# PROBLEM:
Copy task, pictures excluded: set down exactly the lines from the one containing "#2 small box [0,661,36,735]" to the end of the data below.

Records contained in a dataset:
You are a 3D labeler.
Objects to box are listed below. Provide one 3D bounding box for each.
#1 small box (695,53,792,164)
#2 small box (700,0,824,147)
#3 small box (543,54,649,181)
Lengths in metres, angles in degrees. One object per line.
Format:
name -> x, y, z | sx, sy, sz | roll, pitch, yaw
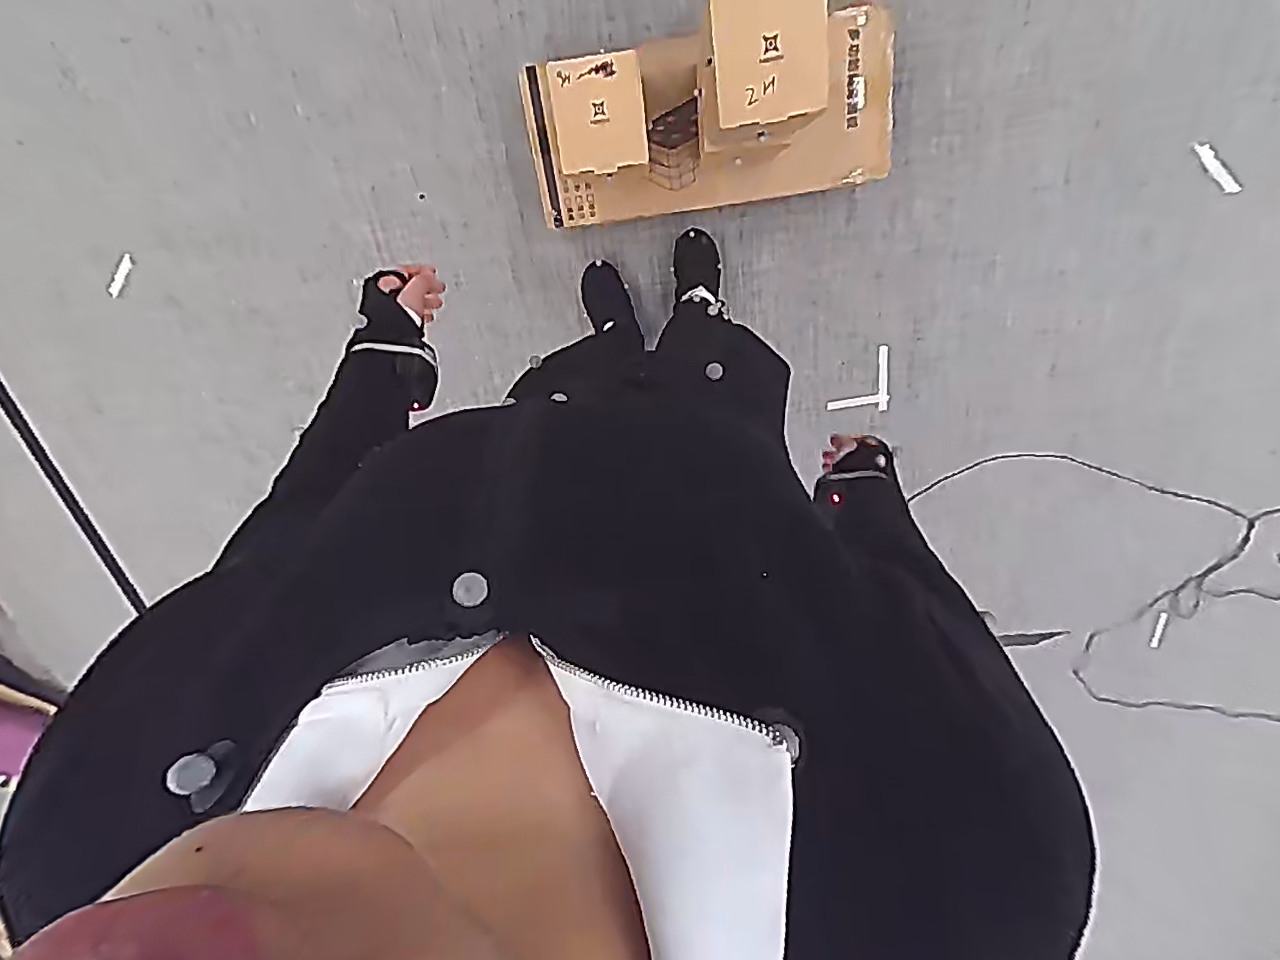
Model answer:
small box -> 0.192, -0.714, 1.024 | 0.168, 0.176, 0.179 | -3, 115, 4
small box -> 0.190, -0.659, 0.867 | 0.168, 0.176, 0.179 | -7, 114, 6
small box -> -0.075, -0.685, 1.045 | 0.168, 0.176, 0.179 | -5, 116, 6
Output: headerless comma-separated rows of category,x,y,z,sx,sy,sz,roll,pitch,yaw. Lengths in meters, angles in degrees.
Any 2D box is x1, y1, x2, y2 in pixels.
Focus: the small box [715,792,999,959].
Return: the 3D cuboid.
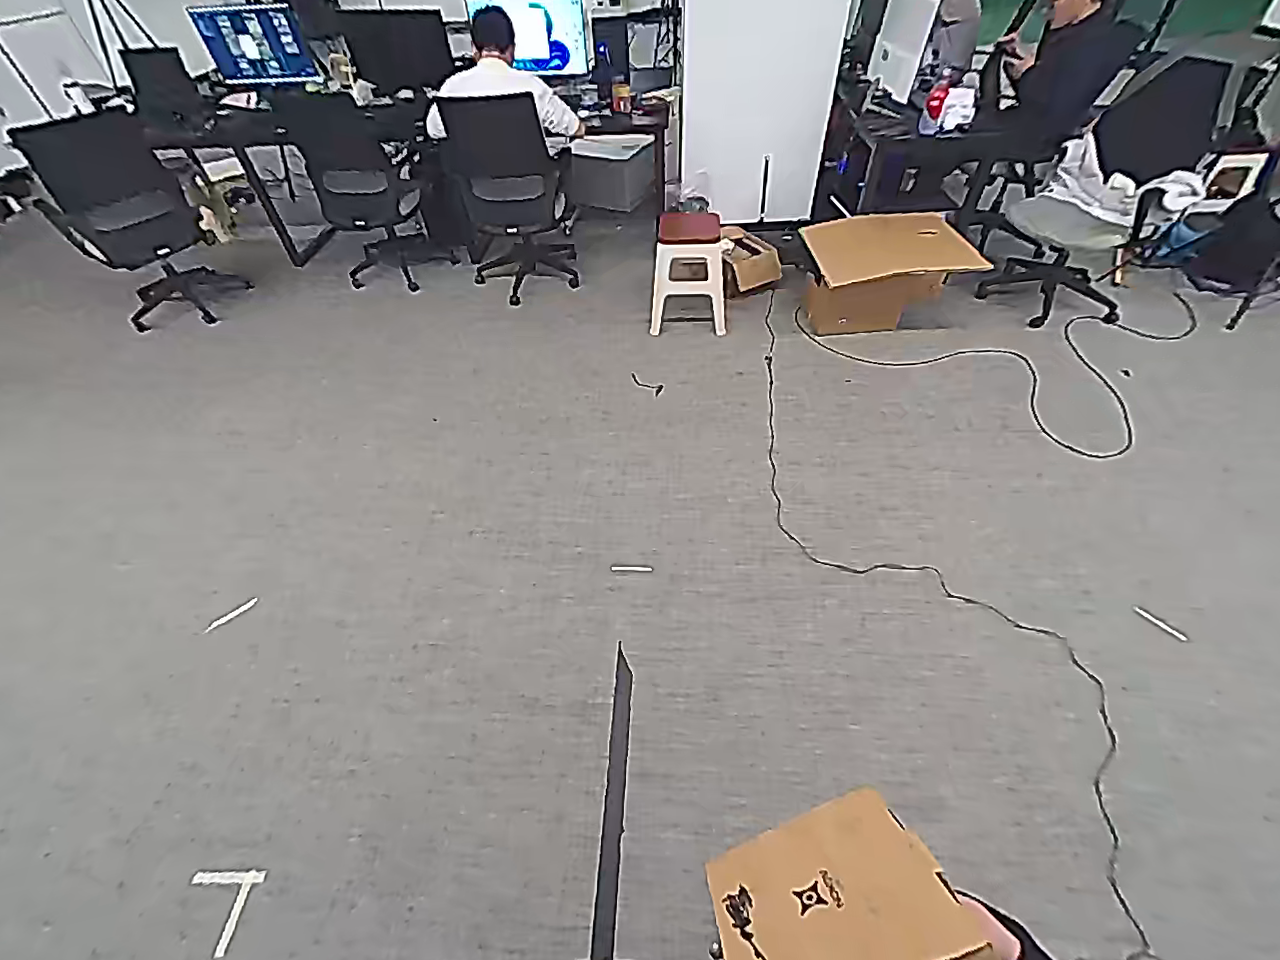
small box,0.184,0.411,0.442,0.179,0.168,0.176,-24,92,-1
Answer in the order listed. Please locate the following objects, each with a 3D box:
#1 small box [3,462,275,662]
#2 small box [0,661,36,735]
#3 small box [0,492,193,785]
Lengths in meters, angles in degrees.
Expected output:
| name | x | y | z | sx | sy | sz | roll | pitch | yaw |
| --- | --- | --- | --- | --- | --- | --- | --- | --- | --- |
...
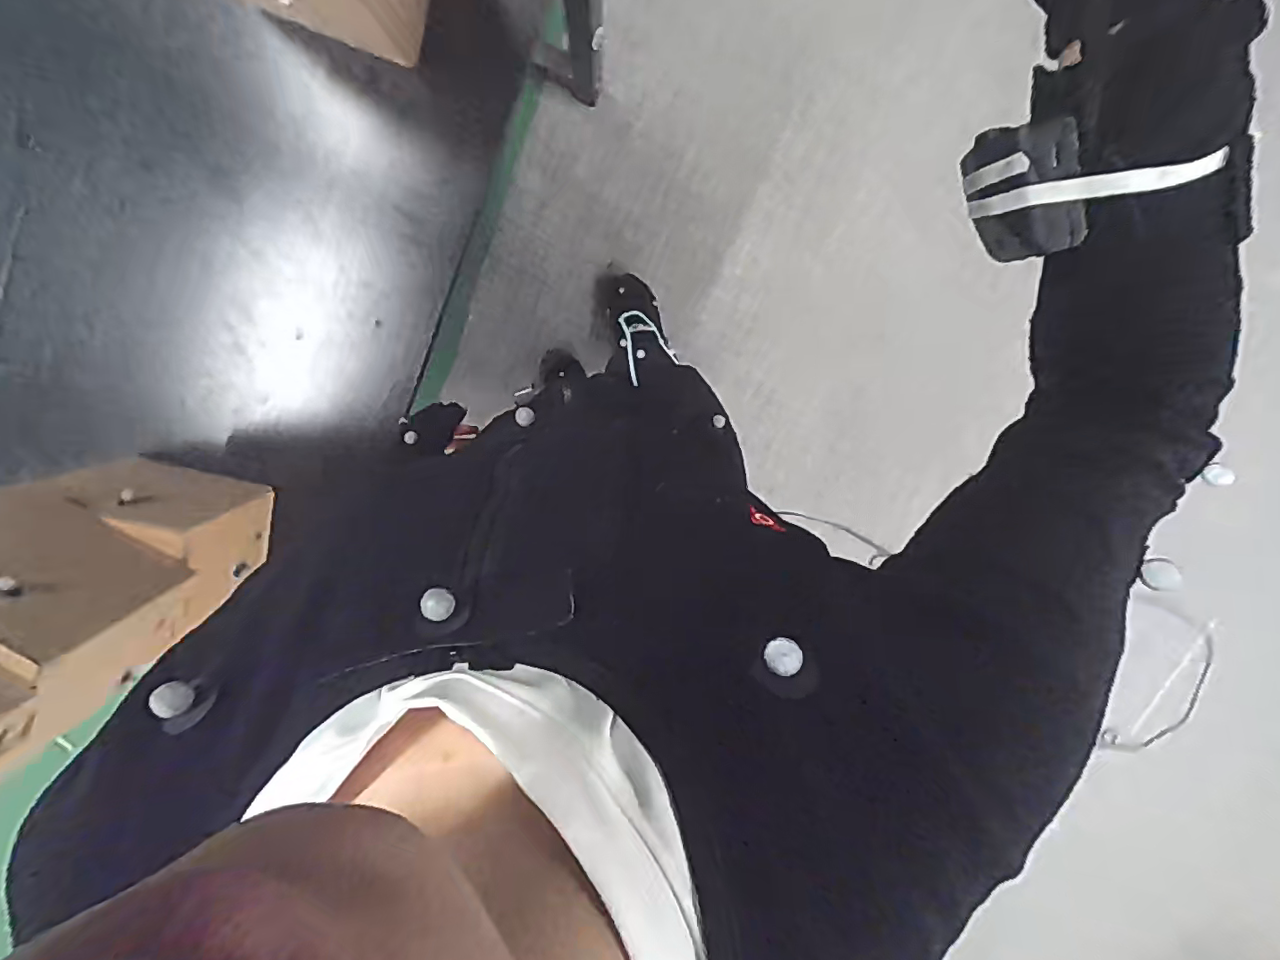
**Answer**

# FINISHED TASK:
#2 small box [0,661,36,735]
#3 small box [0,492,193,785]
Lengths in meters, angles in degrees.
Expected output:
| name | x | y | z | sx | sy | sz | roll | pitch | yaw |
| --- | --- | --- | --- | --- | --- | --- | --- | --- | --- |
...
**Answer**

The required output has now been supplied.